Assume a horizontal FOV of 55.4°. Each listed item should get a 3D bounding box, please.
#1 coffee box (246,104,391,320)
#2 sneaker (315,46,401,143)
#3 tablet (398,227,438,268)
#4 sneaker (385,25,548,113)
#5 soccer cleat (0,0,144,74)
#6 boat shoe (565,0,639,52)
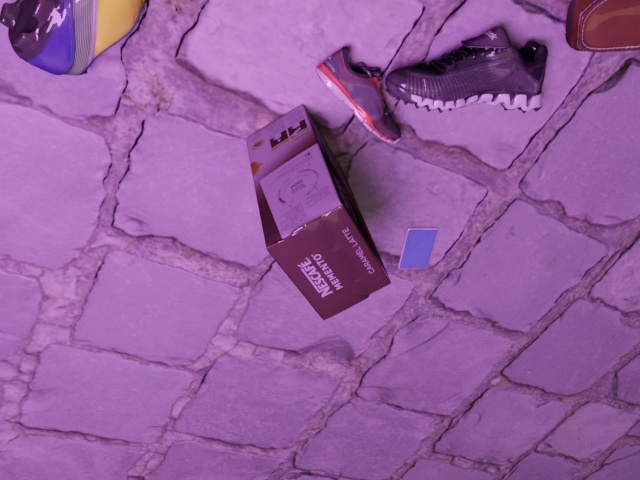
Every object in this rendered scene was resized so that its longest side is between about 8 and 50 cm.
[{"bbox_3d":[-0.010,-0.044,0.771,0.098,0.247,0.141,-29,127,9],"label":"coffee box"},{"bbox_3d":[0.066,-0.189,0.800,0.065,0.061,0.158,-44,124,13],"label":"sneaker"},{"bbox_3d":[0.161,0.013,1.008,0.054,0.006,0.083,-1,126,-12],"label":"tablet"},{"bbox_3d":[0.196,-0.227,0.793,0.234,0.078,0.106,-2,124,-16],"label":"sneaker"},{"bbox_3d":[-0.217,-0.292,0.646,0.289,0.094,0.121,-41,159,19],"label":"soccer cleat"},{"bbox_3d":[0.480,-0.308,0.765,0.323,0.120,0.123,-16,128,-1],"label":"boat shoe"}]
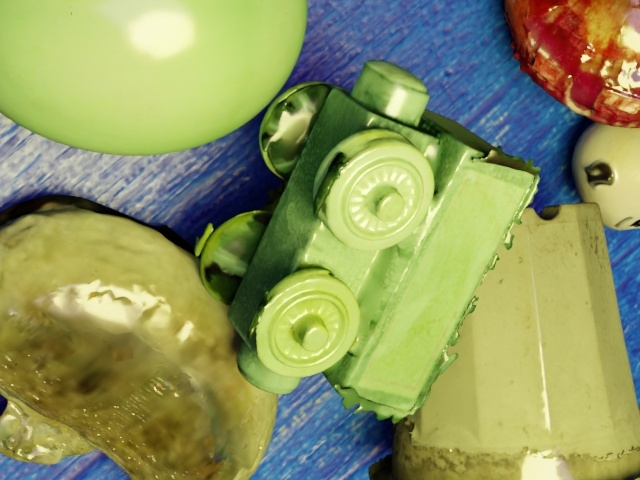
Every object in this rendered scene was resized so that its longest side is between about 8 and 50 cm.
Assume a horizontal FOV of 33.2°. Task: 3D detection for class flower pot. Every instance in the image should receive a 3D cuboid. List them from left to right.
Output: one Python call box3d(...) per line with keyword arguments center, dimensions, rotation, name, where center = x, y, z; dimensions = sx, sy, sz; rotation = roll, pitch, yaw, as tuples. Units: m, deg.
box3d(center=(0.172, 0.100, 0.989), dimensions=(0.290, 0.290, 0.259), rotation=(-5, 88, -20), name="flower pot")

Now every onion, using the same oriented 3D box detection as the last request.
box3d(center=(0.286, -0.221, 0.971), dimensions=(0.230, 0.163, 0.230), rotation=(4, 68, -11), name="onion")

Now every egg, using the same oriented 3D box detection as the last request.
box3d(center=(-0.143, -0.174, 0.813), dimensions=(0.269, 0.220, 0.220), rotation=(-9, 104, -15), name="egg")

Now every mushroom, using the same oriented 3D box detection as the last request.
box3d(center=(-0.166, 0.110, 0.914), dimensions=(0.247, 0.130, 0.344), rotation=(-43, 112, -13), name="mushroom")

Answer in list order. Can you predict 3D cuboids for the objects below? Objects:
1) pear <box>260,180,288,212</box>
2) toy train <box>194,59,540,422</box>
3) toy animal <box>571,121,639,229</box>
box3d(center=(0.000, 0.000, 0.971), dimensions=(0.131, 0.107, 0.107), rotation=(43, 84, -5), name="pear")
box3d(center=(0.031, 0.001, 0.839), dimensions=(0.188, 0.159, 0.272), rotation=(16, 107, -32), name="toy train")
box3d(center=(0.339, -0.078, 1.068), dimensions=(0.179, 0.166, 0.138), rotation=(-27, 95, -1), name="toy animal")
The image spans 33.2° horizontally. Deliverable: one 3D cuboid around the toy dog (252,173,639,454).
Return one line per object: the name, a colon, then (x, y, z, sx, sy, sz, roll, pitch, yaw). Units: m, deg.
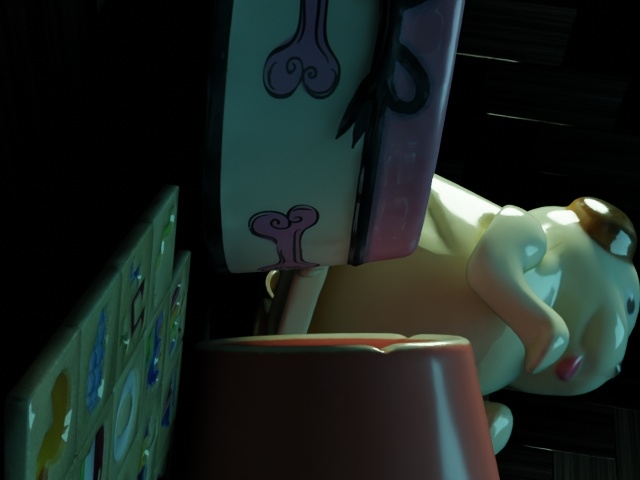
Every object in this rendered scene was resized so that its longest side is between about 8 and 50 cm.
toy dog: (0.145, 0.057, 1.162, 0.395, 0.407, 0.285, -102, -155, -65)

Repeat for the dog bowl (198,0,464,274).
dog bowl: (0.022, -0.165, 0.798, 0.408, 0.150, 0.408, 9, 90, -88)

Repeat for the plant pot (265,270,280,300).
plant pot: (-0.005, 0.139, 1.330, 0.167, 0.166, 0.165, -77, -178, -66)

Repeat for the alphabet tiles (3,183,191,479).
alphabet tiles: (-0.104, 0.142, 0.490, 0.342, 0.011, 0.285, -77, 175, -69)

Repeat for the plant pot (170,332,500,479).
plant pot: (0.008, 0.189, 0.738, 0.275, 0.274, 0.243, 55, 33, -87)
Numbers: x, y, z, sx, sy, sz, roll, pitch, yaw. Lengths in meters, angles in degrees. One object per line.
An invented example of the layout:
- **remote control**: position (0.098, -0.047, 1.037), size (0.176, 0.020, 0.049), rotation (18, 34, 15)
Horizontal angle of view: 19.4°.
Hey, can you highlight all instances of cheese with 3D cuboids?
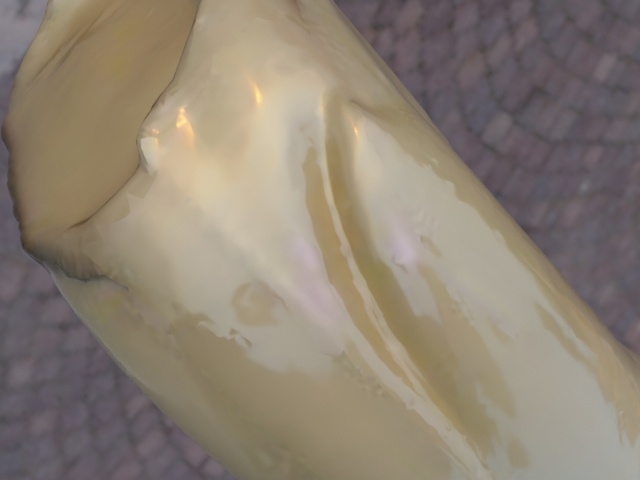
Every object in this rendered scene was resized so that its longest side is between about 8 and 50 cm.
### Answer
- **cheese**: position (0.000, 0.000, 0.658), size (0.127, 0.266, 0.233), rotation (-42, 115, 7)

▶ _Task details_
From the entries above, collect every line with the string "cuboids" in it.

▶ _Completed task_
Answer in list order. Can you predict 3D cuboids for the objects below? Objects:
Hey, can you highlight all instances of cheese with 3D cuboids?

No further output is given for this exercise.